There’s something about the sound of a cold can being opened. It’s like you can hear its chill, feel its flavor, and touch its bubbly texture. And there was something of comfort in that sound. Like a cozy scarf on a cool autumn day, the hot summer sun melting your skin, or a fluffy pillow to lay your head on after a long busy day, DC felt good. REALLY good. The first sip was always the best, just like a fine glass of red wine. The flavor lingered awhile as a velvet blanket of “ahhhhhhhhh” permeated every cell in my body. This was my everyday, this was The Good Life.

So naturally, we took things to the next level, and that next level came at 8:00am. While everyone else was chugging back their fourth five-dollar-coffee of the morning, I felt like I was winning the game of caffeine dependency when I’d crack a cold one to start to my day. “Sure, your 500 calorie latte is “healthier”, I mean sugar isn’t really all that bad anyway is it? And there’s something to say for the benefits of full fat dairy, so add a couple extra creamers-- it’s good for you.” MY sunrise bevvie clocks in at ZERO calories, and a measly 50 cents.

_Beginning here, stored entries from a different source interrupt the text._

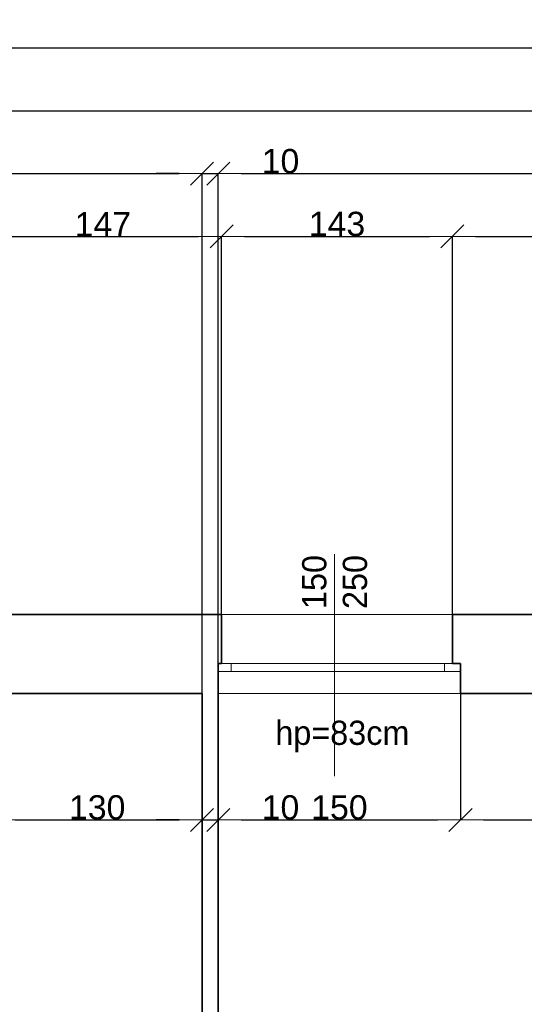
# Model space of a CAD drawing. Header units: metres. Extents: x 7506757 to 756746378, y 5735207 to 582114514.
# Tile 193 of 256: x 7543334 to 7546459, y 5904571 to 5910670. Entities that reach past the tile are written whole.
import ezdxf

# ---------------------------------------------------------------- set-up
doc = ezdxf.new("R2010")
doc.units = ezdxf.units.M
doc.header["$MEASUREMENT"] = 0
doc.header["$PDMODE"] = 2
doc.layers.get('0').update_dxf_attribs({"color": 250, "linetype": 'CONTINUOUS', "lineweight": 100, "plot": 0})
doc.layers.get('Defpoints').update_dxf_attribs({"linetype": 'CONTINUOUS'})
for name, color, linetype, lineweight in [('M_OCIANA6', 5, 'CONTINUOUS', 35), ('M_OPISY141', 7, 'CONTINUOUS', 0), ('m_umeblowanie1', 7, 'CONTINUOUS', 13), ('opis1', 7, 'CONTINUOUS', 13)]:
    doc.layers.add(name, color=color, linetype=linetype, lineweight=lineweight)
doc.layers.add('PWYMIAR', color=7, linetype='CONTINUOUS')
doc.styles.add('GENERATED_STYLE_1', font='arial.ttf')
doc.styles.add('GENERATED_STYLE_2', font='txt')
doc.dimstyles.new('GENERATED_STYLE__2', dxfattribs={"dimtxt": 150, "dimasz": 142.5, "dimexe": 0.18, "dimexo": 0, "dimgap": 0.09, "dimtad": 1, "dimtih": 1, "dimtoh": 1, "dimdec": 0, "dimlfac": 0.1, "dimzin": 0, "dimdsep": 46, "dimtxsty": 'GENERATED_STYLE_1', "dimblk": 'ARROWHEAD_6', "dimblk1": 'ARROWHEAD_6', "dimblk2": 'ARROWHEAD_6', "dimcen": 0.09, "dimclrd": 251, "dimclre": 251, "dimclrt": 7, "dimazin": 0, "dimtfac": 1, "dimtdec": 4, "dimtmove": 0, "dimatfit": 3, "dimfxl": 0, "dimtolj": 1, "dimtzin": 0, "dimarcsym": 0})

# ---------------------------------------------------------------- blocks, each defined once
blk = doc.blocks.new('ARROWHEAD_6')
at = {"color": 0, "linetype": 'Continuous', "lineweight": 0}
for p, q in [((-0.5, -0.5), (0.5, 0.5)), ((0, 0), (-1, 0))]:
    blk.add_line(p, q, dxfattribs=at)
blk = doc.blocks.new('*D5164')
at = {"layer": 'Defpoints', "color": 0, "linetype": 'Continuous', "transparency": 16777216}
for p in [(7543163.4, 5906495.6), (7544463.4, 5906495.6), (7544463.4, 5905712.9)]:
    blk.add_point(p, dxfattribs=at)
at = {"layer": 'PWYMIAR', "color": 251, "linetype": 'Continuous', "lineweight": -2, "transparency": 16777216}
for p, q in [((7543163.4, 5906495.6), (7543163.4, 5905712.8)), ((7544463.4, 5906495.6), (7544463.4, 5905712.8)), ((7543305.9, 5905712.9), (7544320.9, 5905712.9))]:
    blk.add_line(p, q, dxfattribs=at)
at = {"layer": 'PWYMIAR', "color": 251, "linetype": 'Continuous', "lineweight": -2, "transparency": 16777216, "xscale": 142.5, "yscale": 142.5, "zscale": 142.5, "rotation": 180}
blk.add_blockref('ARROWHEAD_6', (7543163.4, 5905712.9), dxfattribs=at)
at = {"layer": 'PWYMIAR', "color": 251, "linetype": 'Continuous', "lineweight": -2, "transparency": 16777216, "xscale": 142.5, "yscale": 142.5, "zscale": 142.5}
blk.add_blockref('ARROWHEAD_6', (7544463.4, 5905712.9), dxfattribs=at)
at = {"layer": 'PWYMIAR', "color": 7, "linetype": 'Continuous', "lineweight": 13, "transparency": 16777216, "insert": (7543813.4, 5905789.7), "char_height": 150, "attachment_point": 5, "style": 'GENERATED_STYLE_1'}
blk.add_mtext('\\A1;130', dxfattribs=at)
blk = doc.blocks.new('*D5165')
at = {"layer": 'Defpoints', "color": 0, "linetype": 'Continuous', "transparency": 16777216}
for p in [(7544463.4, 5906495.6), (7544563.4, 5906495.6), (7544563.4, 5905712.9)]:
    blk.add_point(p, dxfattribs=at)
at = {"layer": 'PWYMIAR', "color": 251, "linetype": 'Continuous', "lineweight": -2, "transparency": 16777216}
for p, q in [((7544463.4, 5906495.6), (7544463.4, 5905712.8)), ((7544563.4, 5906495.6), (7544563.4, 5905712.8)), ((7544320.9, 5905712.9), (7544178.4, 5905712.9)), ((7544463.4, 5905712.9), (7544563.4, 5905712.9)), ((7544705.9, 5905712.9), (7545048.8, 5905712.9))]:
    blk.add_line(p, q, dxfattribs=at)
at = {"layer": 'PWYMIAR', "color": 251, "linetype": 'Continuous', "lineweight": -2, "transparency": 16777216, "xscale": 142.5, "yscale": 142.5, "zscale": 142.5}
blk.add_blockref('ARROWHEAD_6', (7544463.4, 5905712.9), dxfattribs=at)
at = {"layer": 'PWYMIAR', "color": 251, "linetype": 'Continuous', "lineweight": -2, "transparency": 16777216, "xscale": 142.5, "yscale": 142.5, "zscale": 142.5, "rotation": 180}
blk.add_blockref('ARROWHEAD_6', (7544563.4, 5905712.9), dxfattribs=at)
at = {"layer": 'PWYMIAR', "color": 7, "linetype": 'Continuous', "lineweight": 13, "transparency": 16777216, "insert": (7544948.6, 5905789.6), "char_height": 150, "attachment_point": 5, "style": 'GENERATED_STYLE_1'}
blk.add_mtext('\\A1;10', dxfattribs=at)
blk = doc.blocks.new('*D5166')
at = {"layer": 'Defpoints', "color": 0, "linetype": 'Continuous', "transparency": 16777216}
for p in [(7544563.4, 5906495.6), (7546063.4, 5906495.6), (7546063.4, 5905712.9)]:
    blk.add_point(p, dxfattribs=at)
at = {"layer": 'PWYMIAR', "color": 251, "linetype": 'Continuous', "lineweight": -2, "transparency": 16777216}
for p, q in [((7544563.4, 5906495.6), (7544563.4, 5905712.8)), ((7546063.4, 5906495.6), (7546063.4, 5905712.8)), ((7544705.9, 5905712.9), (7545920.9, 5905712.9))]:
    blk.add_line(p, q, dxfattribs=at)
at = {"layer": 'PWYMIAR', "color": 251, "linetype": 'Continuous', "lineweight": -2, "transparency": 16777216, "xscale": 142.5, "yscale": 142.5, "zscale": 142.5, "rotation": 180}
blk.add_blockref('ARROWHEAD_6', (7544563.4, 5905712.9), dxfattribs=at)
at = {"layer": 'PWYMIAR', "color": 251, "linetype": 'Continuous', "lineweight": -2, "transparency": 16777216, "xscale": 142.5, "yscale": 142.5, "zscale": 142.5}
blk.add_blockref('ARROWHEAD_6', (7546063.4, 5905712.9), dxfattribs=at)
at = {"layer": 'PWYMIAR', "color": 7, "linetype": 'Continuous', "lineweight": 13, "transparency": 16777216, "insert": (7545313.4, 5905789.6), "char_height": 150, "attachment_point": 5, "style": 'GENERATED_STYLE_1'}
blk.add_mtext('\\A1;150', dxfattribs=at)
blk = doc.blocks.new('*D5167')
at = {"layer": 'Defpoints', "color": 0, "linetype": 'Continuous', "transparency": 16777216}
for p in [(7546063.4, 5906495.6), (7547483.4, 5906495.6), (7547483.4, 5905712.9)]:
    blk.add_point(p, dxfattribs=at)
at = {"layer": 'PWYMIAR', "color": 251, "linetype": 'Continuous', "lineweight": -2, "transparency": 16777216}
for p, q in [((7546063.4, 5906495.6), (7546063.4, 5905712.8)), ((7547483.4, 5906495.6), (7547483.4, 5905712.8)), ((7546205.9, 5905712.9), (7547340.9, 5905712.9))]:
    blk.add_line(p, q, dxfattribs=at)
at = {"layer": 'PWYMIAR', "color": 251, "linetype": 'Continuous', "lineweight": -2, "transparency": 16777216, "xscale": 142.5, "yscale": 142.5, "zscale": 142.5, "rotation": 180}
blk.add_blockref('ARROWHEAD_6', (7546063.4, 5905712.9), dxfattribs=at)
at = {"layer": 'PWYMIAR', "color": 251, "linetype": 'Continuous', "lineweight": -2, "transparency": 16777216, "xscale": 142.5, "yscale": 142.5, "zscale": 142.5}
blk.add_blockref('ARROWHEAD_6', (7547483.4, 5905712.9), dxfattribs=at)
at = {"layer": 'PWYMIAR', "color": 7, "linetype": 'Continuous', "lineweight": 13, "transparency": 16777216, "insert": (7546773.4, 5905788.3), "char_height": 150, "attachment_point": 5, "style": 'GENERATED_STYLE_1'}
blk.add_mtext('\\A1;142', dxfattribs=at)
blk = doc.blocks.new('*D5316')
at = {"layer": 'Defpoints', "color": 0, "linetype": 'Continuous', "transparency": 16777216}
for p in [(7544583.4, 5909327), (7543113.4, 5906985.6), (7544583.4, 5906985.6)]:
    blk.add_point(p, dxfattribs=at)
at = {"layer": 'PWYMIAR', "color": 251, "linetype": 'Continuous', "lineweight": -2, "transparency": 16777216}
for p, q in [((7543113.4, 5906985.6), (7543113.4, 5909327.2)), ((7543255.9, 5909327), (7544440.9, 5909327)), ((7544583.4, 5906985.6), (7544583.4, 5909327.2))]:
    blk.add_line(p, q, dxfattribs=at)
at = {"layer": 'PWYMIAR', "color": 251, "linetype": 'Continuous', "lineweight": -2, "transparency": 16777216, "xscale": 142.5, "yscale": 142.5, "zscale": 142.5, "rotation": 180}
blk.add_blockref('ARROWHEAD_6', (7543113.4, 5909327), dxfattribs=at)
at = {"layer": 'PWYMIAR', "color": 251, "linetype": 'Continuous', "lineweight": -2, "transparency": 16777216, "xscale": 142.5, "yscale": 142.5, "zscale": 142.5}
blk.add_blockref('ARROWHEAD_6', (7544583.4, 5909327), dxfattribs=at)
at = {"layer": 'PWYMIAR', "color": 7, "linetype": 'Continuous', "lineweight": 13, "transparency": 16777216, "insert": (7543848.4, 5909402.4), "char_height": 150, "attachment_point": 5, "style": 'GENERATED_STYLE_1'}
blk.add_mtext('\\A1;147', dxfattribs=at)
blk = doc.blocks.new('*D5317')
at = {"layer": 'Defpoints', "color": 0, "linetype": 'Continuous', "transparency": 16777216}
for p in [(7546013.4, 5909327), (7544583.4, 5906985.6), (7546013.4, 5906985.6)]:
    blk.add_point(p, dxfattribs=at)
at = {"layer": 'PWYMIAR', "color": 251, "linetype": 'Continuous', "lineweight": -2, "transparency": 16777216}
for p, q in [((7544583.4, 5906985.6), (7544583.4, 5909327.2)), ((7544725.9, 5909327), (7545870.9, 5909327)), ((7546013.4, 5906985.6), (7546013.4, 5909327.2))]:
    blk.add_line(p, q, dxfattribs=at)
at = {"layer": 'PWYMIAR', "color": 251, "linetype": 'Continuous', "lineweight": -2, "transparency": 16777216, "xscale": 142.5, "yscale": 142.5, "zscale": 142.5, "rotation": 180}
blk.add_blockref('ARROWHEAD_6', (7544583.4, 5909327), dxfattribs=at)
at = {"layer": 'PWYMIAR', "color": 251, "linetype": 'Continuous', "lineweight": -2, "transparency": 16777216, "xscale": 142.5, "yscale": 142.5, "zscale": 142.5}
blk.add_blockref('ARROWHEAD_6', (7546013.4, 5909327), dxfattribs=at)
at = {"layer": 'PWYMIAR', "color": 7, "linetype": 'Continuous', "lineweight": 13, "transparency": 16777216, "insert": (7545298.4, 5909403.7), "char_height": 150, "attachment_point": 5, "style": 'GENERATED_STYLE_1'}
blk.add_mtext('\\A1;143', dxfattribs=at)
blk = doc.blocks.new('*D5318')
at = {"layer": 'Defpoints', "color": 0, "linetype": 'Continuous', "transparency": 16777216}
for p in [(7547533.4, 5909327), (7546013.4, 5906985.6), (7547533.4, 5906985.6)]:
    blk.add_point(p, dxfattribs=at)
at = {"layer": 'PWYMIAR', "color": 251, "linetype": 'Continuous', "lineweight": -2, "transparency": 16777216}
for p, q in [((7546013.4, 5906985.6), (7546013.4, 5909327.2)), ((7546155.9, 5909327), (7547390.9, 5909327)), ((7547533.4, 5906985.6), (7547533.4, 5909327.2))]:
    blk.add_line(p, q, dxfattribs=at)
at = {"layer": 'PWYMIAR', "color": 251, "linetype": 'Continuous', "lineweight": -2, "transparency": 16777216, "xscale": 142.5, "yscale": 142.5, "zscale": 142.5, "rotation": 180}
blk.add_blockref('ARROWHEAD_6', (7546013.4, 5909327), dxfattribs=at)
at = {"layer": 'PWYMIAR', "color": 251, "linetype": 'Continuous', "lineweight": -2, "transparency": 16777216, "xscale": 142.5, "yscale": 142.5, "zscale": 142.5}
blk.add_blockref('ARROWHEAD_6', (7547533.4, 5909327), dxfattribs=at)
at = {"layer": 'PWYMIAR', "color": 7, "linetype": 'Continuous', "lineweight": 13, "transparency": 16777216, "insert": (7546773.4, 5909403.7), "char_height": 150, "attachment_point": 5, "style": 'GENERATED_STYLE_1'}
blk.add_mtext('\\A1;152', dxfattribs=at)
blk = doc.blocks.new('*D5332')
at = {"layer": 'Defpoints', "color": 0, "linetype": 'Continuous', "transparency": 16777216}
for p in [(7544463.4, 5909716.2), (7540383.4, 5906495.6), (7544463.4, 5906495.6)]:
    blk.add_point(p, dxfattribs=at)
at = {"layer": 'PWYMIAR', "color": 251, "linetype": 'Continuous', "lineweight": -2, "transparency": 16777216}
for p, q in [((7540383.4, 5906495.6), (7540383.4, 5909716.3)), ((7540525.9, 5909716.2), (7544320.9, 5909716.2)), ((7544463.4, 5906495.6), (7544463.4, 5909716.3))]:
    blk.add_line(p, q, dxfattribs=at)
at = {"layer": 'PWYMIAR', "color": 251, "linetype": 'Continuous', "lineweight": -2, "transparency": 16777216, "xscale": 142.5, "yscale": 142.5, "zscale": 142.5, "rotation": 180}
blk.add_blockref('ARROWHEAD_6', (7540383.4, 5909716.2), dxfattribs=at)
at = {"layer": 'PWYMIAR', "color": 251, "linetype": 'Continuous', "lineweight": -2, "transparency": 16777216, "xscale": 142.5, "yscale": 142.5, "zscale": 142.5}
blk.add_blockref('ARROWHEAD_6', (7544463.4, 5909716.2), dxfattribs=at)
at = {"layer": 'PWYMIAR', "color": 7, "linetype": 'Continuous', "lineweight": 13, "transparency": 16777216, "insert": (7542423.4, 5909792.8), "char_height": 150, "attachment_point": 5, "style": 'GENERATED_STYLE_1'}
blk.add_mtext('\\A1;408', dxfattribs=at)
blk = doc.blocks.new('*D5333')
at = {"layer": 'Defpoints', "color": 0, "linetype": 'Continuous', "transparency": 16777216}
for p in [(7544563.4, 5909716.2), (7544463.4, 5906495.6), (7544563.4, 5906495.6)]:
    blk.add_point(p, dxfattribs=at)
at = {"layer": 'PWYMIAR', "color": 251, "linetype": 'Continuous', "lineweight": -2, "transparency": 16777216}
for p, q in [((7544320.9, 5909716.2), (7544178.4, 5909716.2)), ((7544463.4, 5906495.6), (7544463.4, 5909716.3)), ((7544463.4, 5909716.2), (7544563.4, 5909716.2)), ((7544563.4, 5906495.6), (7544563.4, 5909716.3)), ((7544705.9, 5909716.2), (7545048.8, 5909716.2))]:
    blk.add_line(p, q, dxfattribs=at)
at = {"layer": 'PWYMIAR', "color": 251, "linetype": 'Continuous', "lineweight": -2, "transparency": 16777216, "xscale": 142.5, "yscale": 142.5, "zscale": 142.5}
blk.add_blockref('ARROWHEAD_6', (7544463.4, 5909716.2), dxfattribs=at)
at = {"layer": 'PWYMIAR', "color": 251, "linetype": 'Continuous', "lineweight": -2, "transparency": 16777216, "xscale": 142.5, "yscale": 142.5, "zscale": 142.5, "rotation": 180}
blk.add_blockref('ARROWHEAD_6', (7544563.4, 5909716.2), dxfattribs=at)
at = {"layer": 'PWYMIAR', "color": 7, "linetype": 'Continuous', "lineweight": 13, "transparency": 16777216, "insert": (7544948.6, 5909792.8), "char_height": 150, "attachment_point": 5, "style": 'GENERATED_STYLE_1'}
blk.add_mtext('\\A1;10', dxfattribs=at)
blk = doc.blocks.new('*D5334')
at = {"layer": 'Defpoints', "color": 0, "linetype": 'Continuous', "transparency": 16777216}
for p in [(7549663.4, 5909716.2), (7544563.4, 5906495.6), (7549663.4, 5906495.6)]:
    blk.add_point(p, dxfattribs=at)
at = {"layer": 'PWYMIAR', "color": 251, "linetype": 'Continuous', "lineweight": -2, "transparency": 16777216}
for p, q in [((7544563.4, 5906495.6), (7544563.4, 5909716.3)), ((7544705.9, 5909716.2), (7549520.9, 5909716.2)), ((7549663.4, 5906495.6), (7549663.4, 5909716.3))]:
    blk.add_line(p, q, dxfattribs=at)
at = {"layer": 'PWYMIAR', "color": 251, "linetype": 'Continuous', "lineweight": -2, "transparency": 16777216, "xscale": 142.5, "yscale": 142.5, "zscale": 142.5, "rotation": 180}
blk.add_blockref('ARROWHEAD_6', (7544563.4, 5909716.2), dxfattribs=at)
at = {"layer": 'PWYMIAR', "color": 251, "linetype": 'Continuous', "lineweight": -2, "transparency": 16777216, "xscale": 142.5, "yscale": 142.5, "zscale": 142.5}
blk.add_blockref('ARROWHEAD_6', (7549663.4, 5909716.2), dxfattribs=at)
at = {"layer": 'PWYMIAR', "color": 7, "linetype": 'Continuous', "lineweight": 13, "transparency": 16777216, "insert": (7547113.4, 5909792.8), "char_height": 150, "attachment_point": 5, "style": 'GENERATED_STYLE_1'}
blk.add_mtext('\\A1;510', dxfattribs=at)
blk = doc.blocks.new('*D5342')
at = {"layer": 'Defpoints', "color": 0, "linetype": 'Continuous', "transparency": 16777216}
for p in [(7550283.4, 5910105.3), (7534603.4, 5906985.6), (7550283.4, 5906985.6)]:
    blk.add_point(p, dxfattribs=at)
at = {"layer": 'PWYMIAR', "color": 251, "linetype": 'Continuous', "lineweight": -2, "transparency": 16777216}
for p, q in [((7534603.4, 5906985.6), (7534603.4, 5910105.5)), ((7534745.9, 5910105.3), (7550140.9, 5910105.3)), ((7550283.4, 5906985.6), (7550283.4, 5910105.5))]:
    blk.add_line(p, q, dxfattribs=at)
at = {"layer": 'PWYMIAR', "color": 251, "linetype": 'Continuous', "lineweight": -2, "transparency": 16777216, "xscale": 142.5, "yscale": 142.5, "zscale": 142.5, "rotation": 180}
blk.add_blockref('ARROWHEAD_6', (7534603.4, 5910105.3), dxfattribs=at)
at = {"layer": 'PWYMIAR', "color": 251, "linetype": 'Continuous', "lineweight": -2, "transparency": 16777216, "xscale": 142.5, "yscale": 142.5, "zscale": 142.5}
blk.add_blockref('ARROWHEAD_6', (7550283.4, 5910105.3), dxfattribs=at)
at = {"layer": 'PWYMIAR', "color": 7, "linetype": 'Continuous', "lineweight": 13, "transparency": 16777216, "insert": (7542443.4, 5910182), "char_height": 150, "attachment_point": 5, "style": 'GENERATED_STYLE_1'}
blk.add_mtext('\\A1;1568', dxfattribs=at)
blk = doc.blocks.new('*D5345')
at = {"layer": 'Defpoints', "color": 0, "linetype": 'Continuous', "transparency": 16777216}
for p in [(7558283.4, 5910494.5), (7526623.4, 5905915.6), (7558283.4, 5905915.6)]:
    blk.add_point(p, dxfattribs=at)
at = {"layer": 'PWYMIAR', "color": 251, "linetype": 'Continuous', "lineweight": -2, "transparency": 16777216}
for p, q in [((7526623.4, 5905915.6), (7526623.4, 5910494.7)), ((7526765.9, 5910494.5), (7558140.9, 5910494.5)), ((7558283.4, 5905915.6), (7558283.4, 5910494.7))]:
    blk.add_line(p, q, dxfattribs=at)
at = {"layer": 'PWYMIAR', "color": 251, "linetype": 'Continuous', "lineweight": -2, "transparency": 16777216, "xscale": 142.5, "yscale": 142.5, "zscale": 142.5, "rotation": 180}
blk.add_blockref('ARROWHEAD_6', (7526623.4, 5910494.5), dxfattribs=at)
at = {"layer": 'PWYMIAR', "color": 251, "linetype": 'Continuous', "lineweight": -2, "transparency": 16777216, "xscale": 142.5, "yscale": 142.5, "zscale": 142.5}
blk.add_blockref('ARROWHEAD_6', (7558283.4, 5910494.5), dxfattribs=at)
at = {"layer": 'PWYMIAR', "color": 7, "linetype": 'Continuous', "lineweight": 13, "transparency": 16777216, "insert": (7542453.4, 5910571.2), "char_height": 150, "attachment_point": 5, "style": 'GENERATED_STYLE_1'}
blk.add_mtext('\\A1;3166', dxfattribs=at)

msp = doc.modelspace()

# ---------------------------------------------------------------- linework, layer by layer
at = {"layer": 'M_OCIANA6', "linetype": 'Continuous'}
for p, q in [((7543113.4, 5906985.6), (7544583.4, 5906985.6)), ((7544583.4, 5906681.5), (7544583.4, 5906985.6)), ((7546013.4, 5906985.6), (7547533.4, 5906985.6)), ((7546013.4, 5906681.5), (7546013.4, 5906985.6)), ((7544563.4, 5901245.6), (7544563.4, 5906681.5)), ((7544563.4, 5906681.5), (7544583.4, 5906681.5)), ((7546063.4, 5906681.5), (7546013.4, 5906681.5)), ((7546063.4, 5906495.6), (7546063.4, 5906681.5)), ((7546063.4, 5906495.6), (7546063.4, 5906681.5)), ((7543163.4, 5906495.6), (7544463.4, 5906495.6)), ((7544463.4, 5901245.6), (7544463.4, 5906495.6)), ((7546063.4, 5906495.6), (7547483.4, 5906495.6))]:
    msp.add_line(p, q, dxfattribs=at)
at = {"layer": 'M_OPISY141', "linetype": 'Continuous'}
msp.add_line((7545283.4, 5907359.5), (7545283.4, 5905983.4), dxfattribs=at)
at = {"layer": 'm_umeblowanie1', "linetype": 'Continuous'}
for p, q in [((7546013.4, 5906985.6), (7544583.4, 5906985.6)), ((7546063.4, 5906681.5), (7544563.4, 5906681.5)), ((7544643.4, 5906631.5), (7544643.4, 5906681.5)), ((7545963.4, 5906631.5), (7545963.4, 5906681.5)), ((7546063.4, 5906631.5), (7544563.4, 5906631.5)), ((7546063.4, 5906495.6), (7544563.4, 5906495.6))]:
    msp.add_line(p, q, dxfattribs=at)

# ---------------------------------------------------------------- texts
at = {"layer": 'opis1', "linetype": 'Continuous', "insert": (7545082.6, 5907019), "char_height": 150, "width": 349.992, "attachment_point": 1, "rotation": 90, "line_spacing_factor": 1.007581, "style": 'GENERATED_STYLE_2'}
msp.add_mtext('{150\\P250}', dxfattribs=at)
at = {"layer": 'opis1', "linetype": 'Continuous', "insert": (7545747, 5906327.5), "char_height": 150, "attachment_point": 3, "style": 'GENERATED_STYLE_2'}
msp.add_mtext('{hp=83cm}', dxfattribs=at)

# ---------------------------------------------------------------- dimensions: what is measured, and where the dimension line sits
at = {"layer": 'PWYMIAR', "color": 251, "linetype": 'Continuous', "lineweight": 13}
for base, p1, p2, picture, middle in [((7558283.4, 5910494.5), (7526623.4, 5905915.6), (7558283.4, 5905915.6), '*D5345', (7542453.4, 5910571.2)), ((7550283.4, 5910105.3), (7534603.4, 5906985.6), (7550283.4, 5906985.6), '*D5342', (7542443.4, 5910182)), ((7544463.4, 5909716.2), (7540383.4, 5906495.6), (7544463.4, 5906495.6), '*D5332', (7542423.4, 5909792.8)), ((7544563.4, 5909716.2), (7544463.4, 5906495.6), (7544563.4, 5906495.6), '*D5333', (7544948.6, 5909792.8)), ((7549663.4, 5909716.2), (7544563.4, 5906495.6), (7549663.4, 5906495.6), '*D5334', (7547113.4, 5909792.8)), ((7544583.4, 5909327), (7543113.4, 5906985.6), (7544583.4, 5906985.6), '*D5316', (7543848.4, 5909402.4)), ((7546013.4, 5909327), (7544583.4, 5906985.6), (7546013.4, 5906985.6), '*D5317', (7545298.4, 5909403.7)), ((7547533.4, 5909327), (7546013.4, 5906985.6), (7547533.4, 5906985.6), '*D5318', (7546773.4, 5909403.7)), ((7544463.4, 5905712.9), (7543163.4, 5906495.6), (7544463.4, 5906495.6), '*D5164', (7543813.4, 5905789.7)), ((7544563.4, 5905712.9), (7544463.4, 5906495.6), (7544563.4, 5906495.6), '*D5165', (7544948.6, 5905789.6)), ((7546063.4, 5905712.9), (7544563.4, 5906495.6), (7546063.4, 5906495.6), '*D5166', (7545313.4, 5905789.6)), ((7547483.4, 5905712.9), (7546063.4, 5906495.6), (7547483.4, 5906495.6), '*D5167', (7546773.4, 5905788.3))]:
    dim = msp.add_linear_dim(base=base, p1=p1, p2=p2, dimstyle='GENERATED_STYLE__2', dxfattribs=at)
    dim.commit()
    dim.dimension.update_dxf_attribs({"geometry": picture, "text_midpoint": middle})

doc.saveas('drawing.dxf')

BAM. 

Spring turned to summer, summer to winter; a few times over, and DC and I were still going strong. DC had replaced my craving for unnecessary snacks, it was a fix to calm stressed out nerves, and I was feeling pretty good about it. Until I realized that not only had it been replacing things in a seemingly good way, I also was drinking next to no water. I once actually considered bringing DC to the gym with me if it weren’t for transparent water bottles. So, I started to entertain the idea of what life would be like on my own. Could I get past wanting to devour a box of m&m’s at 2pm every day? What would accompany my lunch? What would I do at 8:00am? Who would be there for me? And as unreasonable as I thought it sounded, I was up for a challenge. 

So, DC and I broke up. Wonder what happened next? Nothing. Absolutely nothing. Now, I’ve read many a story on people who quit DC and have experienced some life-changing-euphoric-lightbulb-type-moment, people who feel that their bodies have been cleansed from all evils of the chemicals gods, and that suddenly have a new lease on life, re-incarnated as their favorite childhood super hero. Not in my case. Turns out that it’s not that hard to come to work at 8:00am and just drink water. Turns out that drinking water with lunch works just about the same. Turns out, that when I thought I NEEDED DC to get me through the last half of the day, an extremely long and boring conference call, or to actually do what it was intended to do---quench thirst,  not having it around didn’t change anything. And it blew my mind. There was my lightbulb moment. 

Going solo actually wasn’t all that hard. I thought about DC from time to time, and to be honest I wanted to go back on occasion, but for what? Am I convinced that aspartame is worse than Ebola? No. Do I think aspartame is good for me? Also no. So what’s the point? 

And while I still miss the “ahhhhhhh” and comfort that comes from breaking into a clammy aluminum can of brown liquid, life goes on without DC. And it turns out this new-and-improved version of The Good Life ‘aint half bad.